FROM Artikel AS A ...
but this does not work due to the aggregate character of the MAX-function.
So, what's the best way to achieve the right-justified order for the number-columns?
Thanks,
Rainer
To get you problem with the list box solved have a look at this link: http://www.lebans.com/List_Combo.htm
I strongly believe that this type of adjustment should be made in the UI layer and not mixed in with data retrieval.
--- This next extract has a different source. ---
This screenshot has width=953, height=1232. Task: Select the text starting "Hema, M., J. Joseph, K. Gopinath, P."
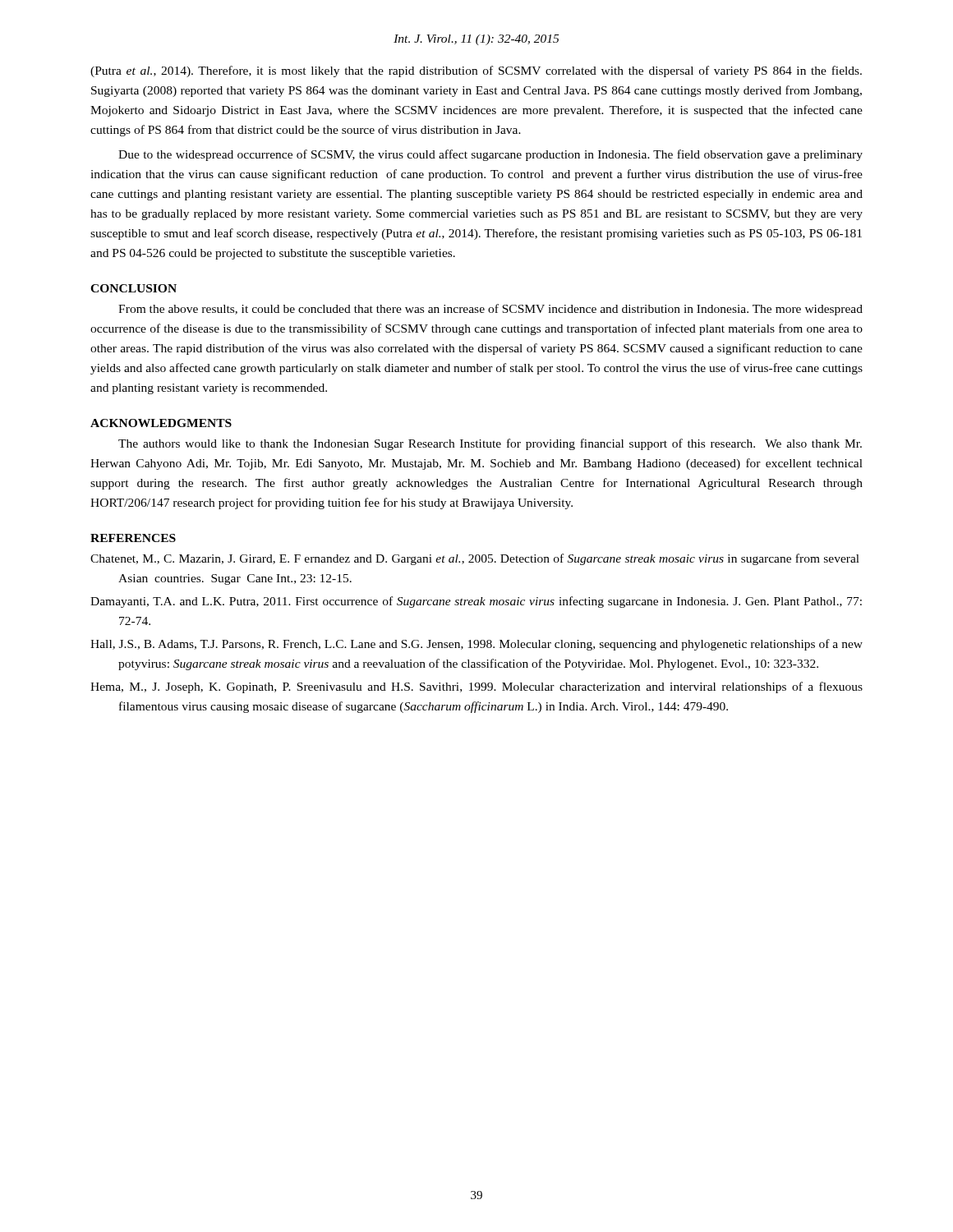(x=476, y=696)

But to answer your original question i have created a SQL Fiddle:
MS SQL Server 2008 Schema Setup:
CREATE TABLE dbo.some_numbers(n INT);
Create some example data:
INSERT INTO dbo.some_numbers
SELECT CHECKSUM(NEWID())
FROM (VALUES (1),(1),(1),(1),(1),(1),(1),(1),(1),(1))X(x);
The following query is using the OVER() clause to specify that the MAX() is to be applied over all rows. The > and < that the result is wrapped in is just for illustration purposes and not required for the solution.
Query 1:
SELECT '>'+
SPACE(MAX(LEN(CAST(n AS VARCHAR(MAX))))OVER()-LEN(CAST(n AS VARCHAR(MAX))))+
CAST(n AS VARCHAR(MAX))+
'<'
FROM dbo.some_numbers SN;
Results:
| COLUMN_0 |
|---------------|
| >-1486993739< |
| > 1620287540< |
| >-1451542215< |
| >-1257364471< |
| > -819471559< |
| >-1364318127< |
| >-1190313739< |
| > 1682890896< |
| >-1050938840< |
| > 484064148< |
This query does a straight case to show the difference:
Query 2:
SELECT '>'+CAST(n AS VARCHAR(MAX))+'<'
FROM dbo.some_numbers SN;
Results:
| COLUMN_0 |
|---------------|
| >-1486993739< |
| >1620287540< |
| >-1451542215< |
| >-1257364471< |
| >-819471559< |
| >-1364318127< |
| >-1190313739< |
| >1682890896< |
| >-1050938840< |
| >484064148< |
With this query you still need to change the display font to a monospaced font like COURIER NEW. Otherwise, as you have noticed, the result is still misaligned.